• [Exercise] Your answer should be the lines below from the one with "Below are the" to the one with "humanoid robot [1466,60,1550,280]", both included, given again exactly and with nothing added.

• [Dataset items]
────

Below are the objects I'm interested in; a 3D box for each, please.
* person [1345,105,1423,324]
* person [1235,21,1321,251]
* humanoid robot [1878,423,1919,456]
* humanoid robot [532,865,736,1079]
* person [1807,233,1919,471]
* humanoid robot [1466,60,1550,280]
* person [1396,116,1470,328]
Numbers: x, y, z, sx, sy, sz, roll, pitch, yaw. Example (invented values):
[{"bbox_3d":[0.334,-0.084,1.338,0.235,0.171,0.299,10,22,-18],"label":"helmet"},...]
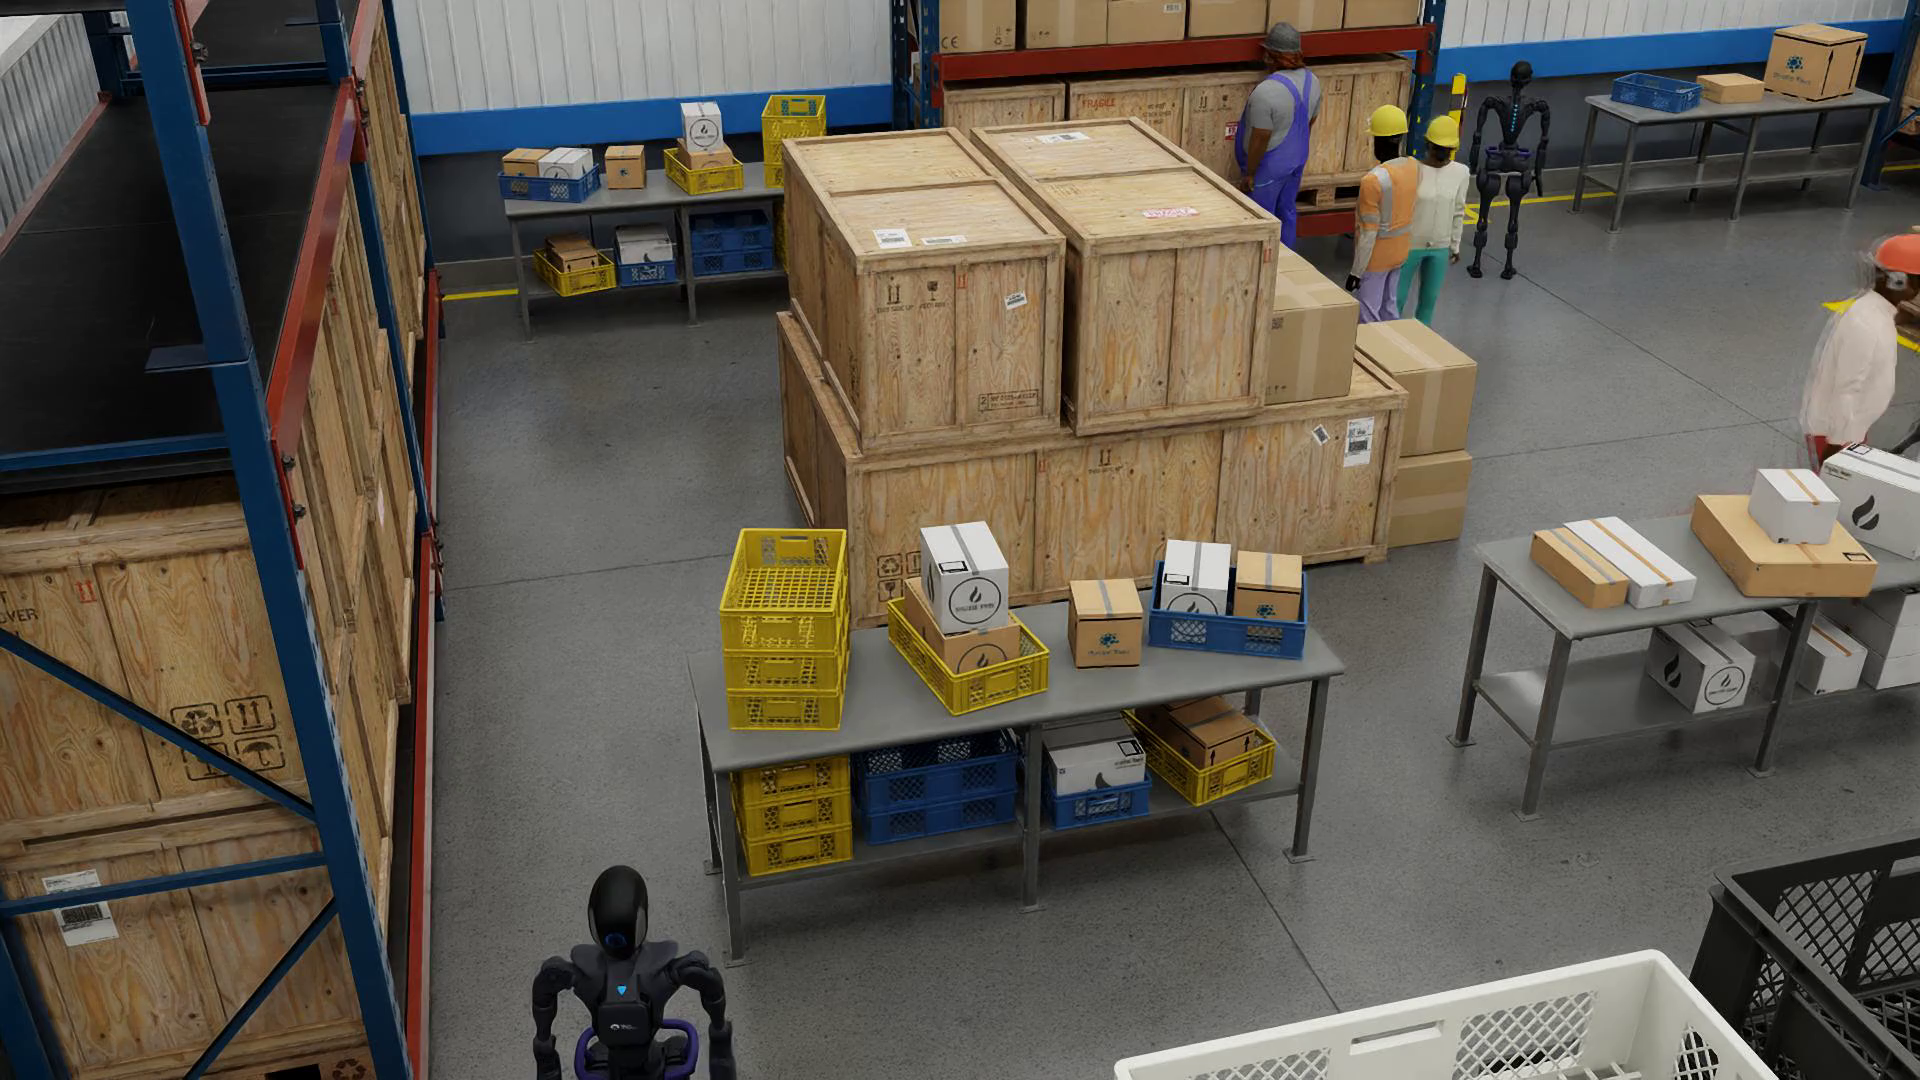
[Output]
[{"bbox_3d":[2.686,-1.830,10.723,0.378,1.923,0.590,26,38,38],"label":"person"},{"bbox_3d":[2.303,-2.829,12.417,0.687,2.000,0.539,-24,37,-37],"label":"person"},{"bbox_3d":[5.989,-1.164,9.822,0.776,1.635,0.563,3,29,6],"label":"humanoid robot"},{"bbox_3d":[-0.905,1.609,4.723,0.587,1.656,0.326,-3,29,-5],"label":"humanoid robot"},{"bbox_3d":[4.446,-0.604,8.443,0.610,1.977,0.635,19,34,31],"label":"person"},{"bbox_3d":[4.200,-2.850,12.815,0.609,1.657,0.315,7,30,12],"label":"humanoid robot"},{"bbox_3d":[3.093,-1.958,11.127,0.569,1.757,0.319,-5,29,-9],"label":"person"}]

────

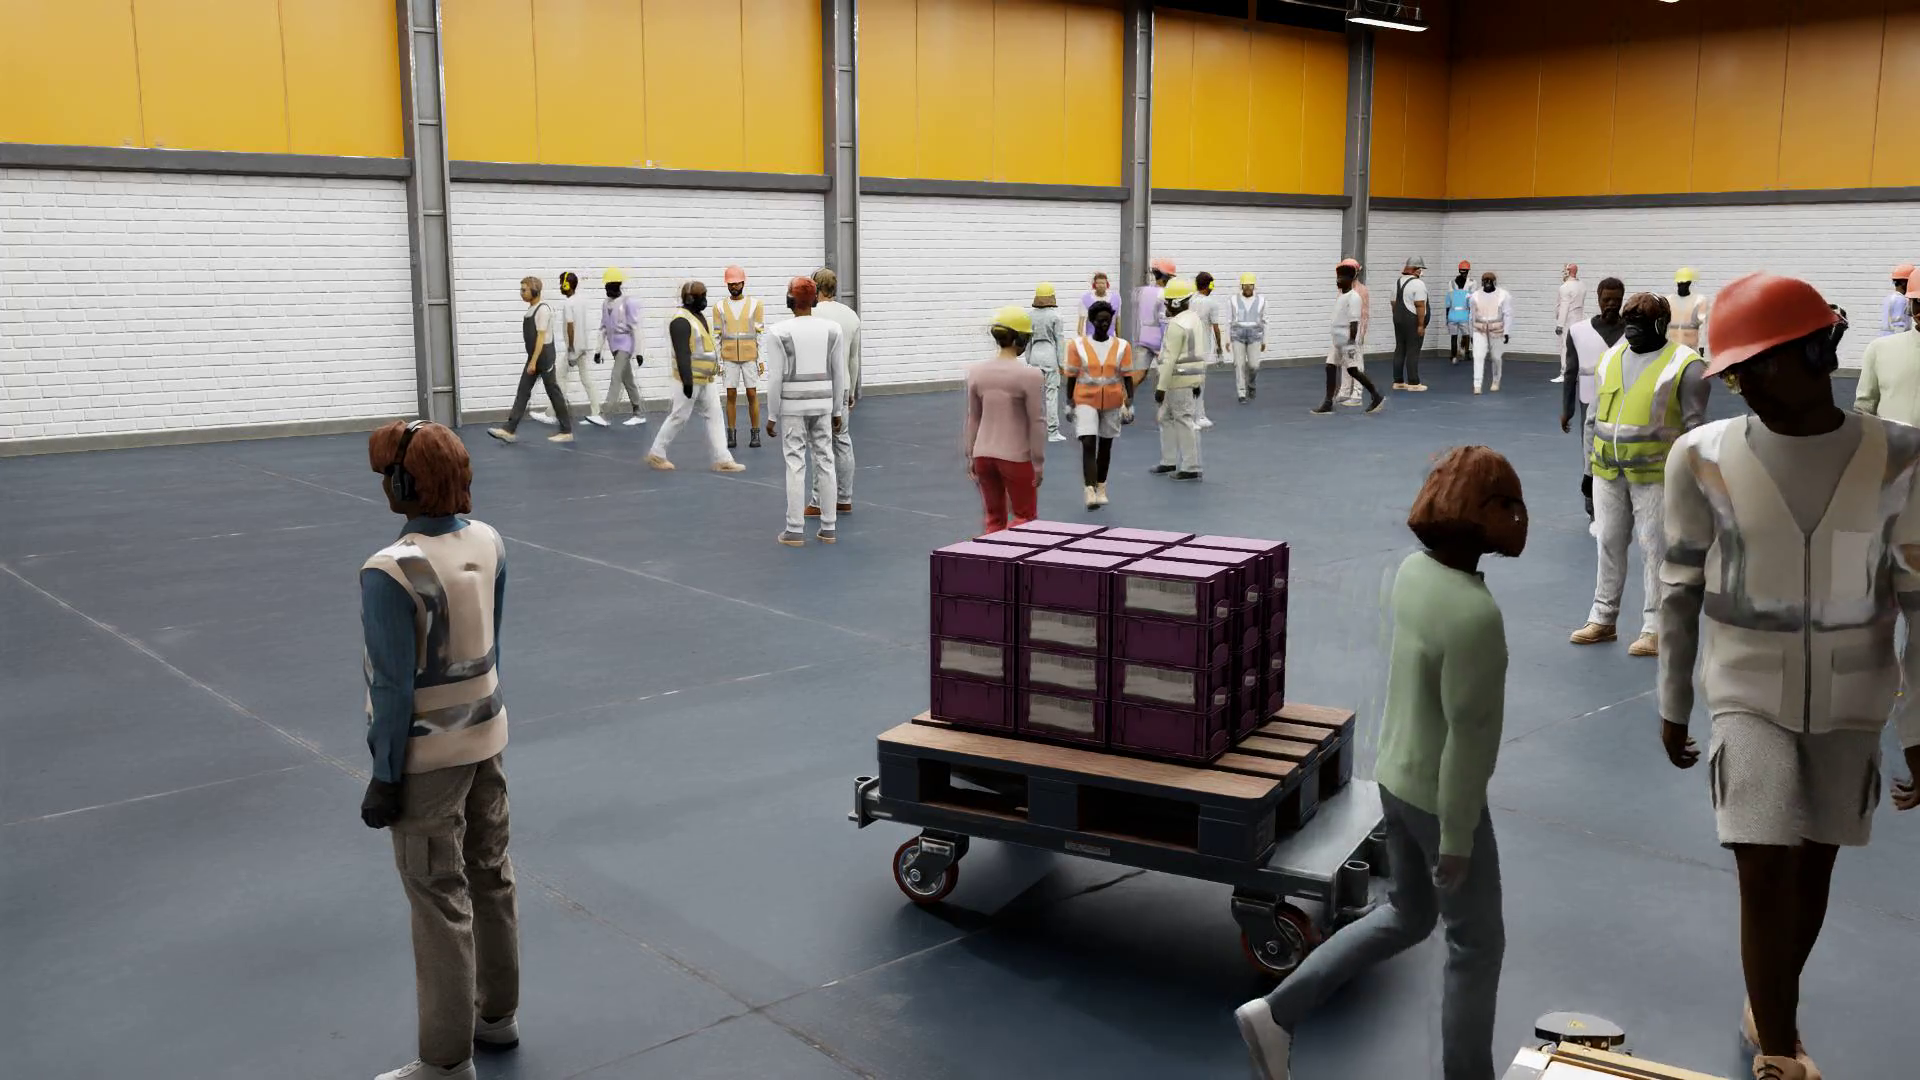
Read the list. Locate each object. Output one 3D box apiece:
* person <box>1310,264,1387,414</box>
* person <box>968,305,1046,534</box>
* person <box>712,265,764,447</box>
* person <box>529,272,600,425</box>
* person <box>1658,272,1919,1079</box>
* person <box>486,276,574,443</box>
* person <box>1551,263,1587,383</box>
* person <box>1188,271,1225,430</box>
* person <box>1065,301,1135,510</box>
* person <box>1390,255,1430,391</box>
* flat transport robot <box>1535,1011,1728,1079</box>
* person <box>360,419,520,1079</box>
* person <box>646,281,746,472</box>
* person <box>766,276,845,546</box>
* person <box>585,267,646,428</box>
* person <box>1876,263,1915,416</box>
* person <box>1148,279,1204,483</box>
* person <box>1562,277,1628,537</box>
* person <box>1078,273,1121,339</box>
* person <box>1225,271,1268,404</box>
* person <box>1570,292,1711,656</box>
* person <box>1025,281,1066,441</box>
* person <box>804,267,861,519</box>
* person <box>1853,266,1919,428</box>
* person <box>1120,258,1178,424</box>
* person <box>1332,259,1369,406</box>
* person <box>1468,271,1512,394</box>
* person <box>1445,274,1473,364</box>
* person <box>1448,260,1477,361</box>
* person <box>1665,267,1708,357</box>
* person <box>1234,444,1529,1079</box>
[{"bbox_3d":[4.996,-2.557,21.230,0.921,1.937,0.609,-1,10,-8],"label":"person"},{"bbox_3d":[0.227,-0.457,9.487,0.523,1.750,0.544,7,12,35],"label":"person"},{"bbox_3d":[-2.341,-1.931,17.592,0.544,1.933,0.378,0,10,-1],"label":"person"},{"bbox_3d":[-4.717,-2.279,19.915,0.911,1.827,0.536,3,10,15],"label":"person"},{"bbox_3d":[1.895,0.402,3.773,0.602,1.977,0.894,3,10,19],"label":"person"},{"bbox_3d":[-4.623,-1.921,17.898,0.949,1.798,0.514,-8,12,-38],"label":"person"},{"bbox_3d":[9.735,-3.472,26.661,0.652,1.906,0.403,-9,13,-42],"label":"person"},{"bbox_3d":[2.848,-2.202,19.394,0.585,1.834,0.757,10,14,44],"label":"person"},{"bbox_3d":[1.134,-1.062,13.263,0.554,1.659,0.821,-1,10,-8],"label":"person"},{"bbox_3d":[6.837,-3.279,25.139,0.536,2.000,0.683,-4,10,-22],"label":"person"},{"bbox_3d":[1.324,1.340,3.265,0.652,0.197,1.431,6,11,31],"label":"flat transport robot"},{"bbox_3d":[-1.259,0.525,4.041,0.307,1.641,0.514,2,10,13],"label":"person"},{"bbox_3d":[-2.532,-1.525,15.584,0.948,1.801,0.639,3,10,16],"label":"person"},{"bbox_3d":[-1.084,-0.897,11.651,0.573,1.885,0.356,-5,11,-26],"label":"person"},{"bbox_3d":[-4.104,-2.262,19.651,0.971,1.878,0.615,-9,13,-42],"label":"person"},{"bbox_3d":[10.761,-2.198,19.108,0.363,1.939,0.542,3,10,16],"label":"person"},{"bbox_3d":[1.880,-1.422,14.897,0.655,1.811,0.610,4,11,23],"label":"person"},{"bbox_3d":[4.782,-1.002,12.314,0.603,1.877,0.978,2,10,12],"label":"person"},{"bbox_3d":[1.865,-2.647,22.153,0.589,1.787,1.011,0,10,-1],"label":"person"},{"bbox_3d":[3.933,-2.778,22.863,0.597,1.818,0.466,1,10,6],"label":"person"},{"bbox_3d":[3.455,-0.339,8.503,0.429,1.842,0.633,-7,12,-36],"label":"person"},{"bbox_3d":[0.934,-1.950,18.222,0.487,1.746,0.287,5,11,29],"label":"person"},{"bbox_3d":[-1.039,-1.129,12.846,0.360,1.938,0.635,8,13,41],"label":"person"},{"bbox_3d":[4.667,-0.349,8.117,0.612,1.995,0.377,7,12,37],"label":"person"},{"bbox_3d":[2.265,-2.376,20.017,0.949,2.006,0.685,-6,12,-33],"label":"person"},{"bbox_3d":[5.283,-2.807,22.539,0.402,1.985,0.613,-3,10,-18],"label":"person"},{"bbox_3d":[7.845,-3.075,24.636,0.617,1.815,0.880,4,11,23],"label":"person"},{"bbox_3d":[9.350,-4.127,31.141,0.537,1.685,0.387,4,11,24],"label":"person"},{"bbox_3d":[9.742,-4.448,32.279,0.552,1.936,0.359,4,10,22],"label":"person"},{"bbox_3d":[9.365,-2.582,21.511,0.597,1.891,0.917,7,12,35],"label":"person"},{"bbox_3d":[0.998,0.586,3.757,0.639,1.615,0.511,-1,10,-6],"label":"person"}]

────

• [Result for this task]
Below are the objects I'm interested in; a 3D box for each, please.
* person [1345,105,1423,324]
* person [1235,21,1321,251]
* humanoid robot [1878,423,1919,456]
* humanoid robot [532,865,736,1079]
* person [1807,233,1919,471]
* humanoid robot [1466,60,1550,280]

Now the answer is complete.